Da nicht mit ihm zu diskutieren war und niemand ihm die Laune verderben wollte – so seltsam die auch sein mochte – folgten Toireasa und Winona, während William einen anderen Weg nahm, um nicht mit ihnen gesehen zu werden.

Sie kamen nur bis zum Ausgang des Schlosses, durch den auch schon andere Schüler nach draußen strebten.

„Miss Keary", erklang die Stimme von Toireasas Paten. „Es tut mir leid, aber Sie können im Moment nicht zum Spiel."

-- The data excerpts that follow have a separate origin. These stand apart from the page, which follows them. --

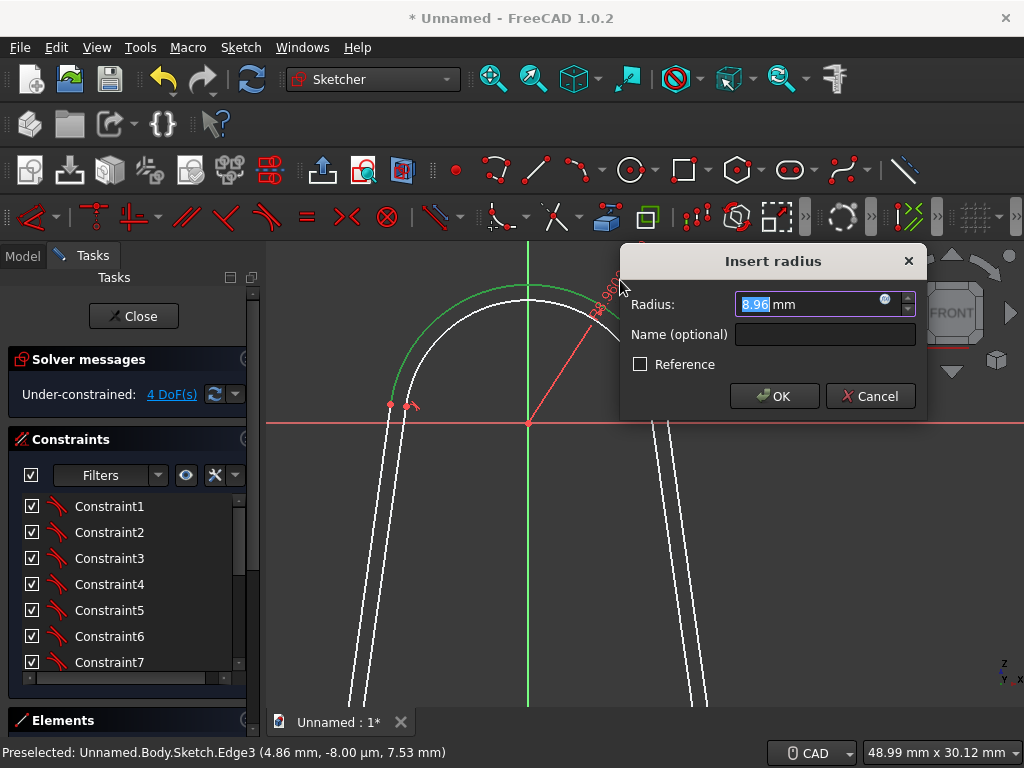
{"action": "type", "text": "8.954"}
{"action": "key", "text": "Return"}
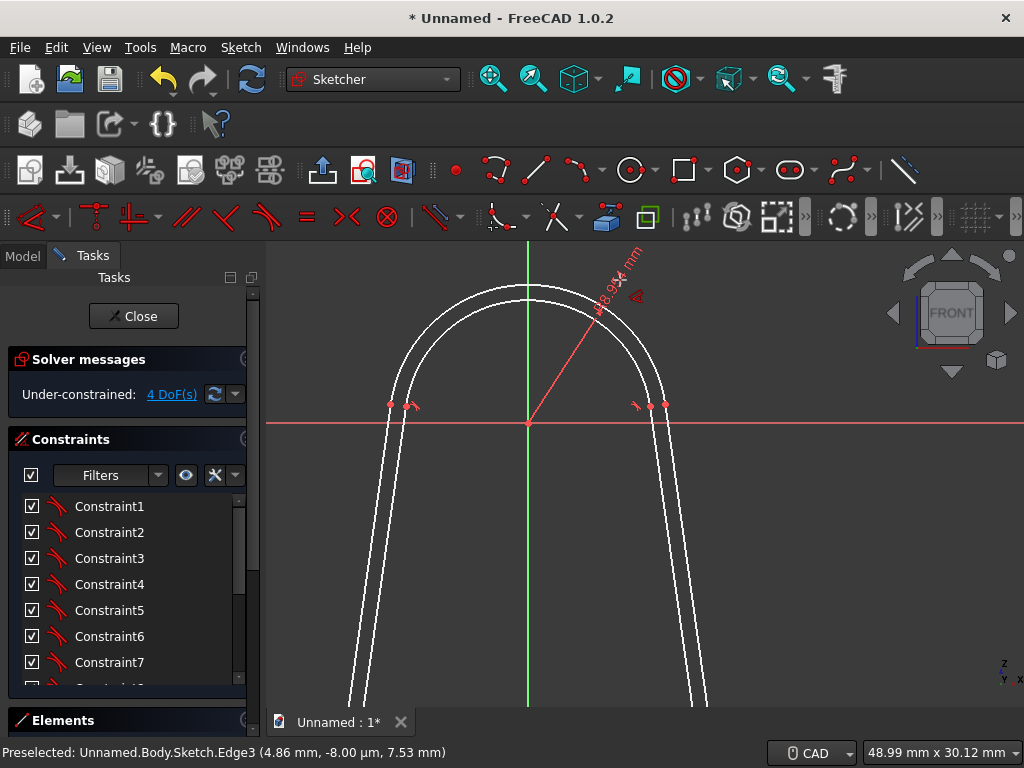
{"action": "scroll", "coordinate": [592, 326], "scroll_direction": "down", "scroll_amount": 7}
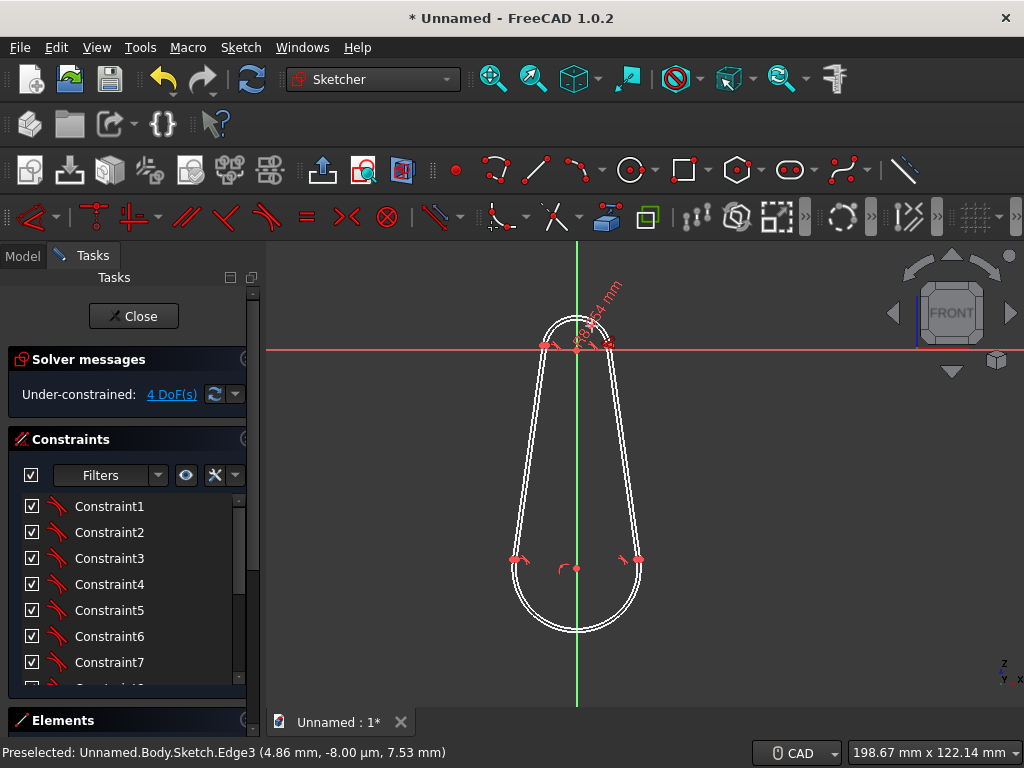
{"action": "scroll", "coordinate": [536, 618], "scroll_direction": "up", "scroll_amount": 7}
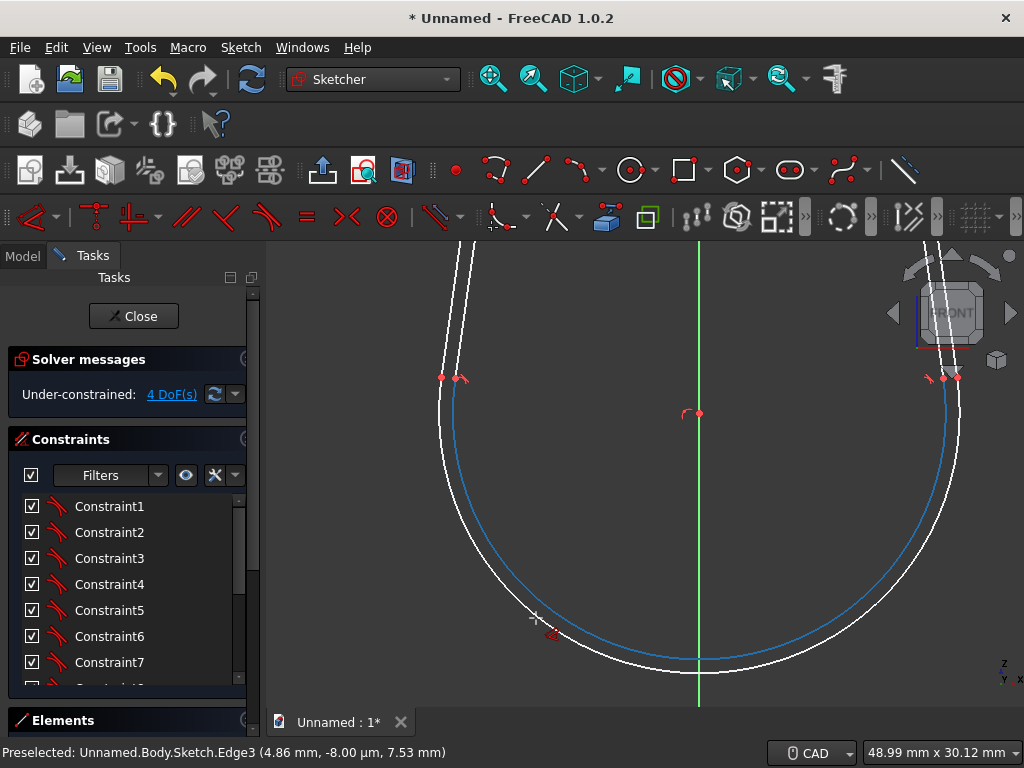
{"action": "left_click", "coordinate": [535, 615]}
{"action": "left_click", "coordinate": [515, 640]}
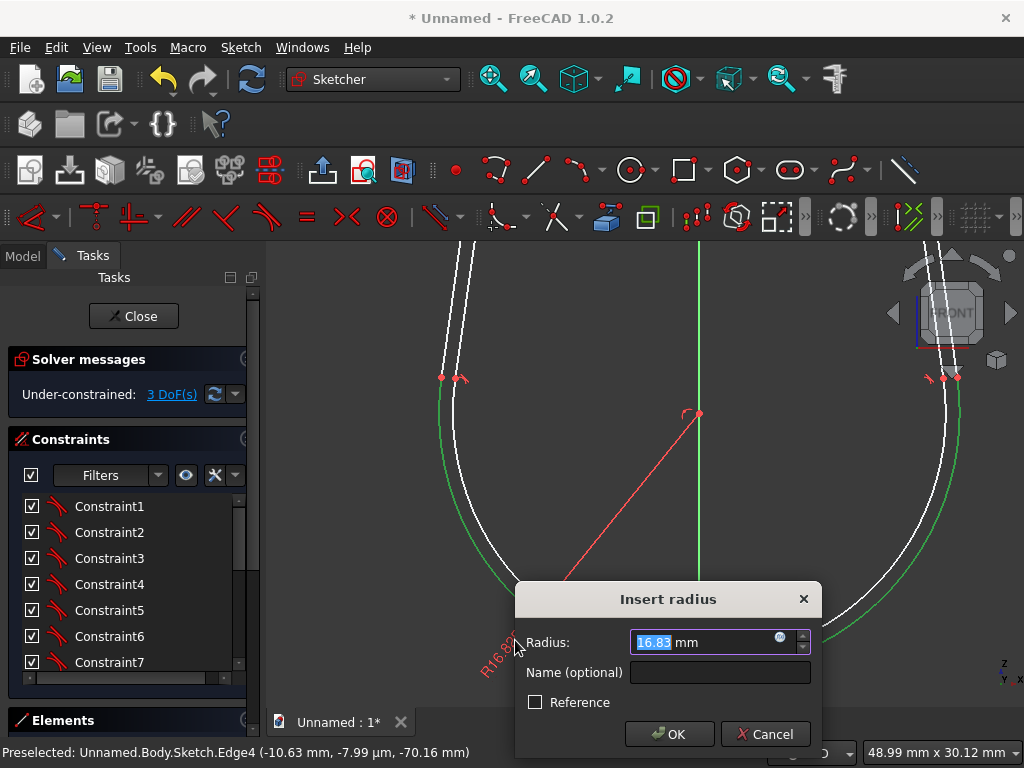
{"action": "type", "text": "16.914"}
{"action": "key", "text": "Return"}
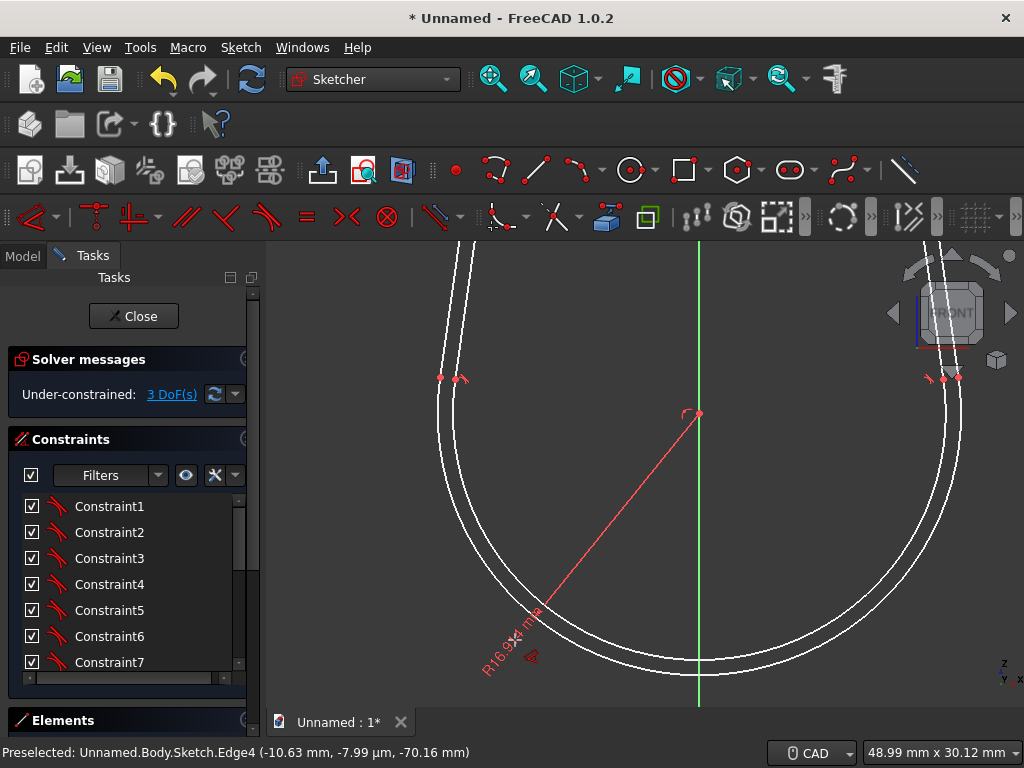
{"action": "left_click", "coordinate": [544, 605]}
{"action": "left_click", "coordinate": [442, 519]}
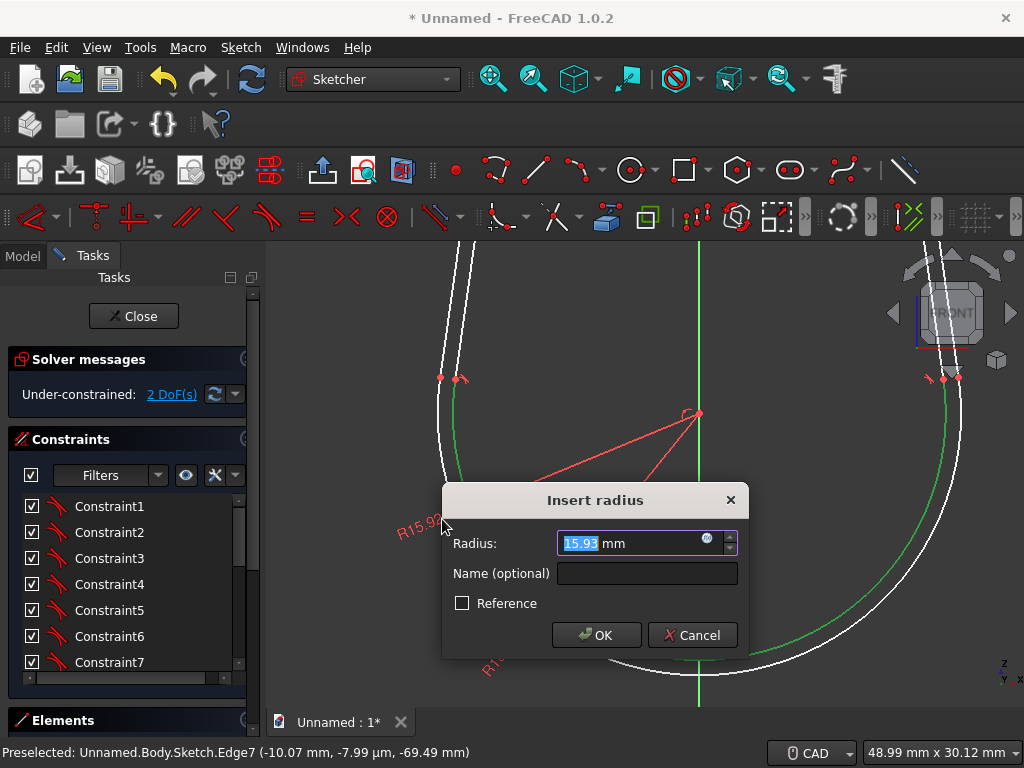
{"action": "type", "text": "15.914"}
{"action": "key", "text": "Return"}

„Warum nicht, Professor?", fragte Winona am schnellsten.

„Es sind Leute da, die Miss Keary sprechen wollen. Allein!", erklärte Filius in gedämpfter Lautstärke. „Nichts was Sie beunruhigen muss, Miss Darkcloud. Schauen Sie sich das Spiel mit Mr McNamara an und wenn wir Glück haben, dauert der Fang lange genug, dass Miss Keary noch etwas zu sehen bekommt."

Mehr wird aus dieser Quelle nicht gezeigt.